> **PROBLEM DESCRIPTION**
In the listing below, how many lines include "fill"? Give the number and no other text.

++++

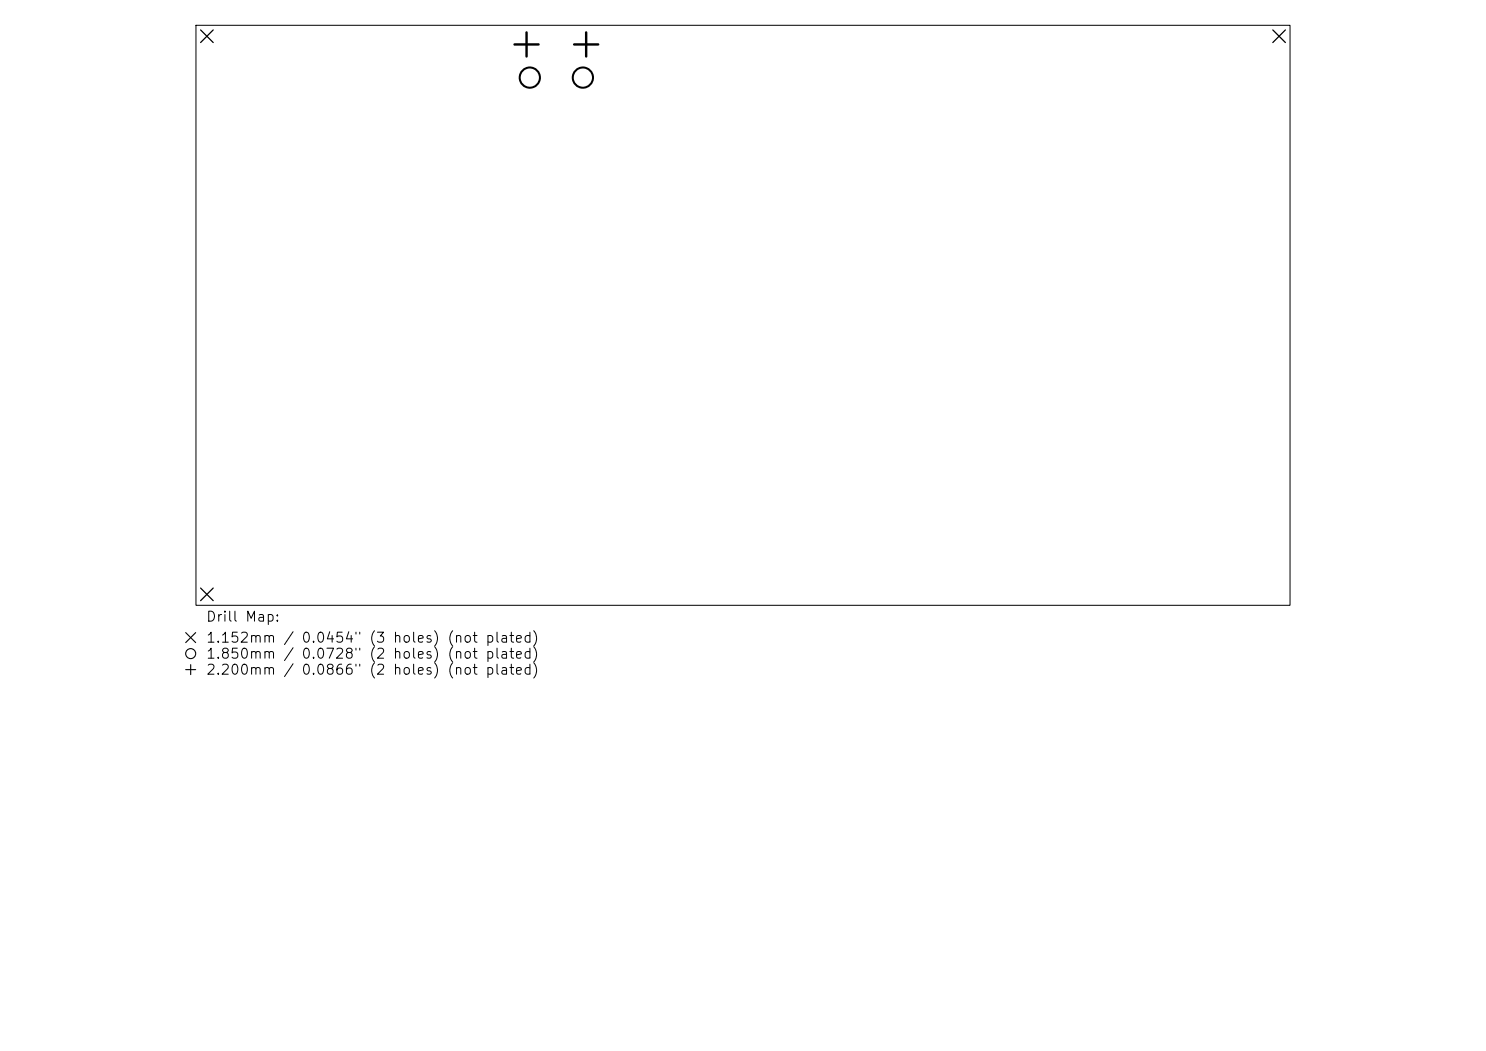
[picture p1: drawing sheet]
<svg xmlns="http://www.w3.org/2000/svg" width="297mm" height="210mm" viewBox="0 0 297 210" stroke-linecap="round" stroke-linejoin="round" font-family="sans-serif">
<defs><g id="words">
<g font-size="2">
<text x="41" y="124.7">Drill Map:</text>
<text x="41" y="128.9">1.152mm / 0.0454&quot; (3 holes) (not plated)</text>
<text x="41" y="132.1">1.850mm / 0.0728&quot; (2 holes) (not plated)</text>
<text x="41" y="135.3">2.200mm / 0.0866&quot; (2 holes) (not plated)</text>
</g>
</g></defs>
<path d="M39.2 5.1h218.6v115.8h-218.6z" fill="none" stroke="#000" stroke-width=".2"/>
<path d="M40.1 6l2.5 2.5M42.6 6l-2.5 2.5M254.4 6l2.5 2.5M256.9 6l-2.5 2.5M40.1 117.5l2.5 2.5M42.6 117.5l-2.5 2.5" fill="none" stroke="#000" stroke-width=".25"/>
<g fill="none" stroke="#000" stroke-width=".4">
<circle cx="105.9" cy="15.5" r="2.02"/>
<circle cx="116.5" cy="15.5" r="2.02"/>
</g>
<path d="M102.8 8.9h4.8M105.2 6.5v4.8M114.7 8.9h4.9M117.2 6.5v4.8" fill="none" stroke="#000" stroke-width=".48"/>
<g fill="none" stroke="#000" stroke-width=".22">
<path d="M37.1 126.4l2 2M37.1 133.8h2M38.1 132.8v2M39.1 126.4l-2 2"/>
<circle cx="38.1" cy="130.6" r="1"/>
</g>
<use href="#words"/>
</svg>

++++

> **EXERCISE OUTPUT**
5